Consider a sequence of continuous functions $f_n:[a,b] \to \mathbb{R}$. If their graphs $G_n$ converge to the graph $G$ of a continuous function $f$ (in the Hausdorff metric $d_H$), prove that $f_n$ uniformly converges to $f$.
For given $\epsilon \gt 0$, there exists an $N \in \mathbb{N}$, such that $n \ge N \implies d_H(G_n, G) \lt \epsilon$. But I don't know how to proceed.
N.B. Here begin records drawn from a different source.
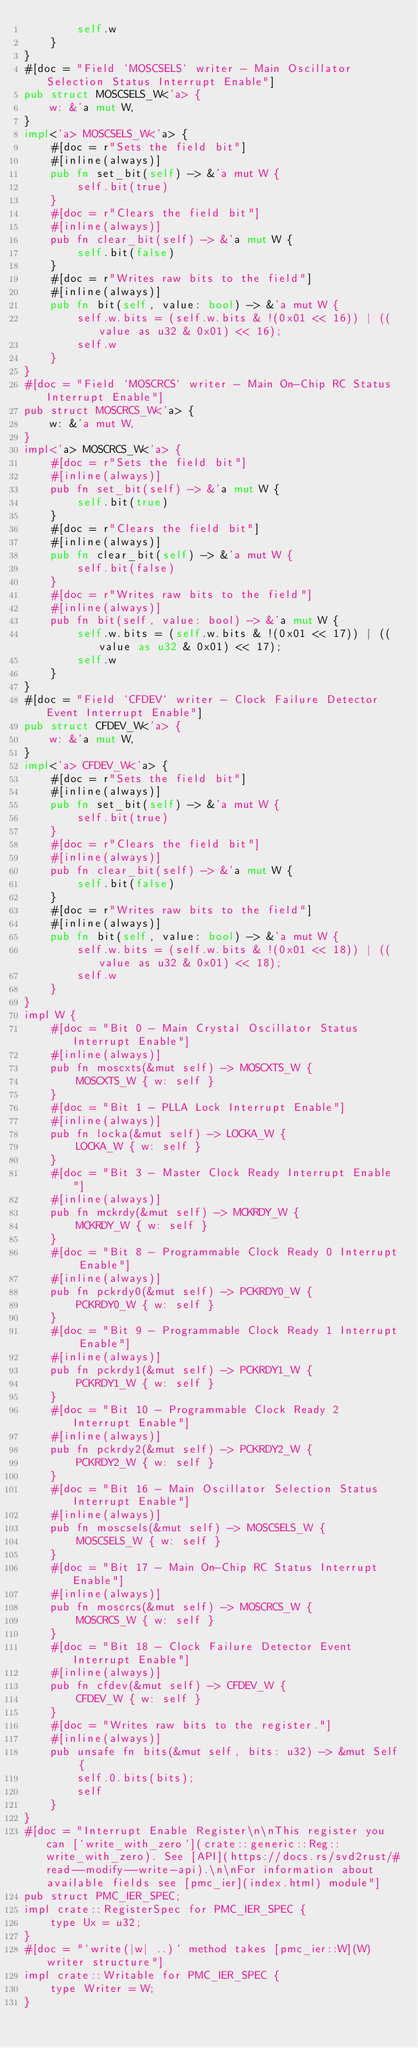<code> <loc_0><loc_0><loc_500><loc_500><_Rust_>        self.w
    }
}
#[doc = "Field `MOSCSELS` writer - Main Oscillator Selection Status Interrupt Enable"]
pub struct MOSCSELS_W<'a> {
    w: &'a mut W,
}
impl<'a> MOSCSELS_W<'a> {
    #[doc = r"Sets the field bit"]
    #[inline(always)]
    pub fn set_bit(self) -> &'a mut W {
        self.bit(true)
    }
    #[doc = r"Clears the field bit"]
    #[inline(always)]
    pub fn clear_bit(self) -> &'a mut W {
        self.bit(false)
    }
    #[doc = r"Writes raw bits to the field"]
    #[inline(always)]
    pub fn bit(self, value: bool) -> &'a mut W {
        self.w.bits = (self.w.bits & !(0x01 << 16)) | ((value as u32 & 0x01) << 16);
        self.w
    }
}
#[doc = "Field `MOSCRCS` writer - Main On-Chip RC Status Interrupt Enable"]
pub struct MOSCRCS_W<'a> {
    w: &'a mut W,
}
impl<'a> MOSCRCS_W<'a> {
    #[doc = r"Sets the field bit"]
    #[inline(always)]
    pub fn set_bit(self) -> &'a mut W {
        self.bit(true)
    }
    #[doc = r"Clears the field bit"]
    #[inline(always)]
    pub fn clear_bit(self) -> &'a mut W {
        self.bit(false)
    }
    #[doc = r"Writes raw bits to the field"]
    #[inline(always)]
    pub fn bit(self, value: bool) -> &'a mut W {
        self.w.bits = (self.w.bits & !(0x01 << 17)) | ((value as u32 & 0x01) << 17);
        self.w
    }
}
#[doc = "Field `CFDEV` writer - Clock Failure Detector Event Interrupt Enable"]
pub struct CFDEV_W<'a> {
    w: &'a mut W,
}
impl<'a> CFDEV_W<'a> {
    #[doc = r"Sets the field bit"]
    #[inline(always)]
    pub fn set_bit(self) -> &'a mut W {
        self.bit(true)
    }
    #[doc = r"Clears the field bit"]
    #[inline(always)]
    pub fn clear_bit(self) -> &'a mut W {
        self.bit(false)
    }
    #[doc = r"Writes raw bits to the field"]
    #[inline(always)]
    pub fn bit(self, value: bool) -> &'a mut W {
        self.w.bits = (self.w.bits & !(0x01 << 18)) | ((value as u32 & 0x01) << 18);
        self.w
    }
}
impl W {
    #[doc = "Bit 0 - Main Crystal Oscillator Status Interrupt Enable"]
    #[inline(always)]
    pub fn moscxts(&mut self) -> MOSCXTS_W {
        MOSCXTS_W { w: self }
    }
    #[doc = "Bit 1 - PLLA Lock Interrupt Enable"]
    #[inline(always)]
    pub fn locka(&mut self) -> LOCKA_W {
        LOCKA_W { w: self }
    }
    #[doc = "Bit 3 - Master Clock Ready Interrupt Enable"]
    #[inline(always)]
    pub fn mckrdy(&mut self) -> MCKRDY_W {
        MCKRDY_W { w: self }
    }
    #[doc = "Bit 8 - Programmable Clock Ready 0 Interrupt Enable"]
    #[inline(always)]
    pub fn pckrdy0(&mut self) -> PCKRDY0_W {
        PCKRDY0_W { w: self }
    }
    #[doc = "Bit 9 - Programmable Clock Ready 1 Interrupt Enable"]
    #[inline(always)]
    pub fn pckrdy1(&mut self) -> PCKRDY1_W {
        PCKRDY1_W { w: self }
    }
    #[doc = "Bit 10 - Programmable Clock Ready 2 Interrupt Enable"]
    #[inline(always)]
    pub fn pckrdy2(&mut self) -> PCKRDY2_W {
        PCKRDY2_W { w: self }
    }
    #[doc = "Bit 16 - Main Oscillator Selection Status Interrupt Enable"]
    #[inline(always)]
    pub fn moscsels(&mut self) -> MOSCSELS_W {
        MOSCSELS_W { w: self }
    }
    #[doc = "Bit 17 - Main On-Chip RC Status Interrupt Enable"]
    #[inline(always)]
    pub fn moscrcs(&mut self) -> MOSCRCS_W {
        MOSCRCS_W { w: self }
    }
    #[doc = "Bit 18 - Clock Failure Detector Event Interrupt Enable"]
    #[inline(always)]
    pub fn cfdev(&mut self) -> CFDEV_W {
        CFDEV_W { w: self }
    }
    #[doc = "Writes raw bits to the register."]
    #[inline(always)]
    pub unsafe fn bits(&mut self, bits: u32) -> &mut Self {
        self.0.bits(bits);
        self
    }
}
#[doc = "Interrupt Enable Register\n\nThis register you can [`write_with_zero`](crate::generic::Reg::write_with_zero). See [API](https://docs.rs/svd2rust/#read--modify--write-api).\n\nFor information about available fields see [pmc_ier](index.html) module"]
pub struct PMC_IER_SPEC;
impl crate::RegisterSpec for PMC_IER_SPEC {
    type Ux = u32;
}
#[doc = "`write(|w| ..)` method takes [pmc_ier::W](W) writer structure"]
impl crate::Writable for PMC_IER_SPEC {
    type Writer = W;
}
</code>

The difficulty is that for $x \in [a,b]$, I can't conclude from $d_H(G_n, G) \lt \epsilon$ that $|f_n(x)-f(x)| \lt \epsilon$. All I can say is, there is an $x' \in [a,b]$, such that $\sqrt{|x-x'|^2+|f_n(x)-f(x')|^2} \lt \epsilon$.
Any hints on this?
You aren't using the fact that $f$ is continuous, and in particular uniformly continuous on $[a,b]$. Let $\epsilon > 0$ be given. We must show that there exists $N$ so that $n \ge N$ implies $|f_n(x) - f(x)| < \epsilon$.
Apply uniform continuity: choose $\delta > 0$ so that $x,x' \in [a,b]$ implies $|f(x) - f(x')| < \dfrac \epsilon 2$. Define $\theta = \min \left\{\dfrac \epsilon 2, \delta \right\}$. Now choose $N$ so that $n \ge N$ implies $d_H(G_n,G) < \theta$.
Let $x \in [a,b]$. Then there exists a point (as you point out) $x' \in [a,b]$ with the property that $\sqrt{|x-x'|^2 + |f_n(x) - f(x')|^2} < \theta$. Thus $$|x - x'| < \theta \implies |x - x'| < \delta \implies |f(x) - f(x')| < \frac \epsilon 2$$ and $$|f_n(x) - f(x')| < \theta \implies |f_n(x) - f(x')| < \frac \epsilon 2.$$ This gives you $|f_n(x) - f(x)| < \epsilon$.